--- START ---

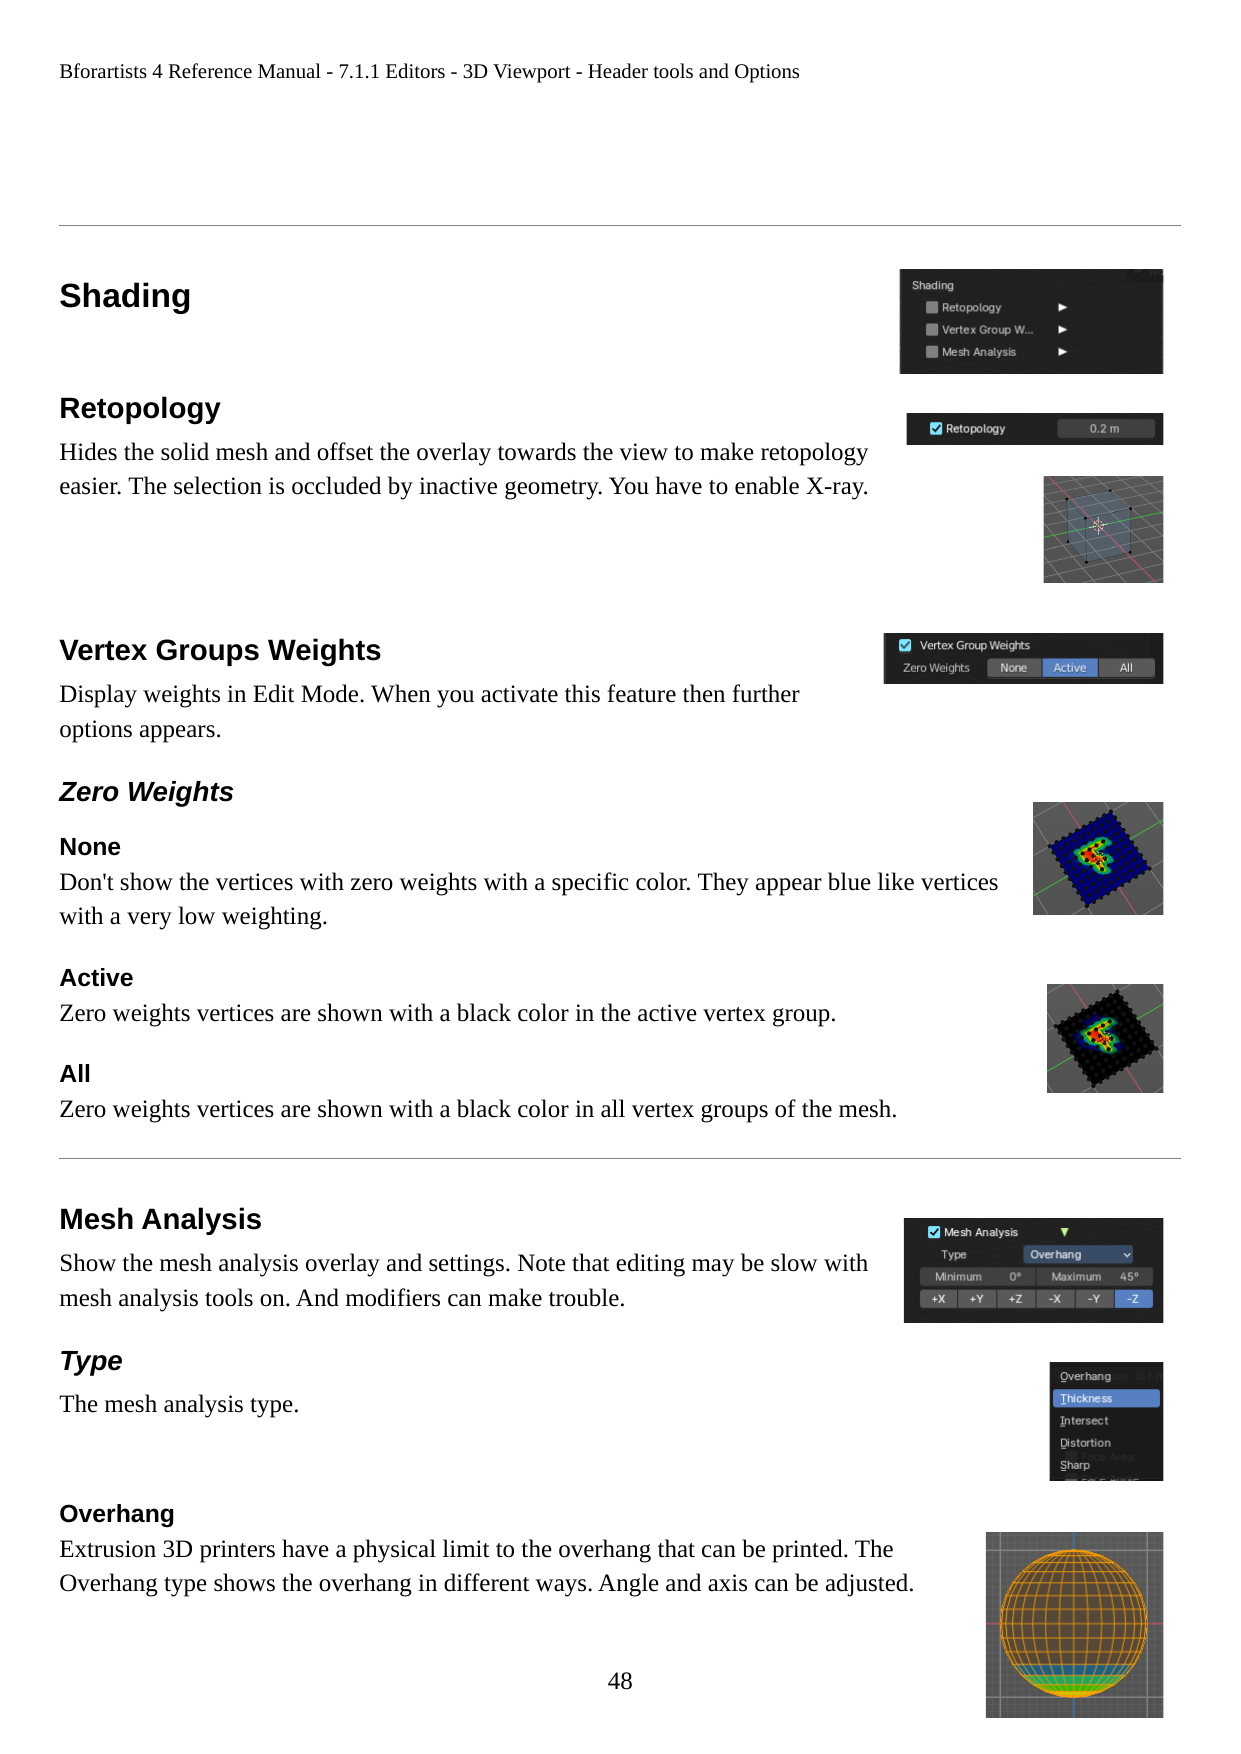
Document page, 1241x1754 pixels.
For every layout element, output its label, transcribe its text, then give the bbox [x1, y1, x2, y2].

picture [883, 633, 1164, 684]
picture [903, 1218, 1164, 1323]
text The mesh analysis type. [59, 1389, 1049, 1417]
picture [985, 1532, 1164, 1718]
text [1164, 1389, 1181, 1417]
subtitle All [59, 1059, 1047, 1088]
subtitle Zero Weights [59, 775, 1181, 807]
text Don't show the vertices with zero weights with a specific color. They appear blue like vertices with a very low weighting. [59, 867, 1181, 930]
text Zero weights vertices are shown with a black color in the active vertex group. [59, 998, 1047, 1027]
text Extrusion 3D printers have a physical limit to the overhang that can be printed. The Overhang type shows the overhang in different ways. Angle and axis can be adjusted. [59, 1534, 985, 1597]
picture [899, 269, 1164, 374]
text Zero weights vertices are shown with a black color in all vertex groups of the mesh. [59, 1094, 1181, 1123]
subtitle Vertex Groups Weights [59, 633, 883, 667]
subtitle Shading [59, 276, 899, 314]
text Hides the solid mesh and offset the overlay towards the view to make retopology easier. The selection is occluded by inactive geometry. You have to enable X-ray. [59, 437, 1181, 500]
picture [1049, 1362, 1164, 1481]
subtitle [1164, 832, 1181, 861]
text Display weights in Edit Mode. When you activate this feature then further options appears. [59, 679, 1181, 742]
subtitle Type [59, 1344, 1181, 1376]
picture [1043, 476, 1164, 583]
text Show the mesh analysis overlay and settings. Note that editing may be slow with mesh analysis tools on. And modifiers can make trouble. [59, 1248, 903, 1311]
subtitle Retopology [59, 391, 1181, 424]
subtitle Overhang [59, 1499, 1181, 1528]
subtitle [1164, 276, 1181, 314]
subtitle None [59, 832, 1033, 861]
picture [1033, 802, 1164, 915]
picture [906, 413, 1164, 445]
subtitle [1164, 633, 1181, 667]
subtitle Active [59, 963, 1181, 992]
picture [1047, 984, 1164, 1093]
subtitle Mesh Analysis [59, 1202, 1181, 1236]
subtitle [1164, 1059, 1181, 1088]

--- END ---

**REQUIRED ACTION:** Note each line above that contains "overlay" and copy it out.

**RESULT:**
text Hides the solid mesh and offset the overlay towards the view to make retopology easier. The selection is occluded by inactive geometry. You have to enable X-ray. [59, 437, 1181, 500]
text Show the mesh analysis overlay and settings. Note that editing may be slow with mesh analysis tools on. And modifiers can make trouble. [59, 1248, 903, 1311]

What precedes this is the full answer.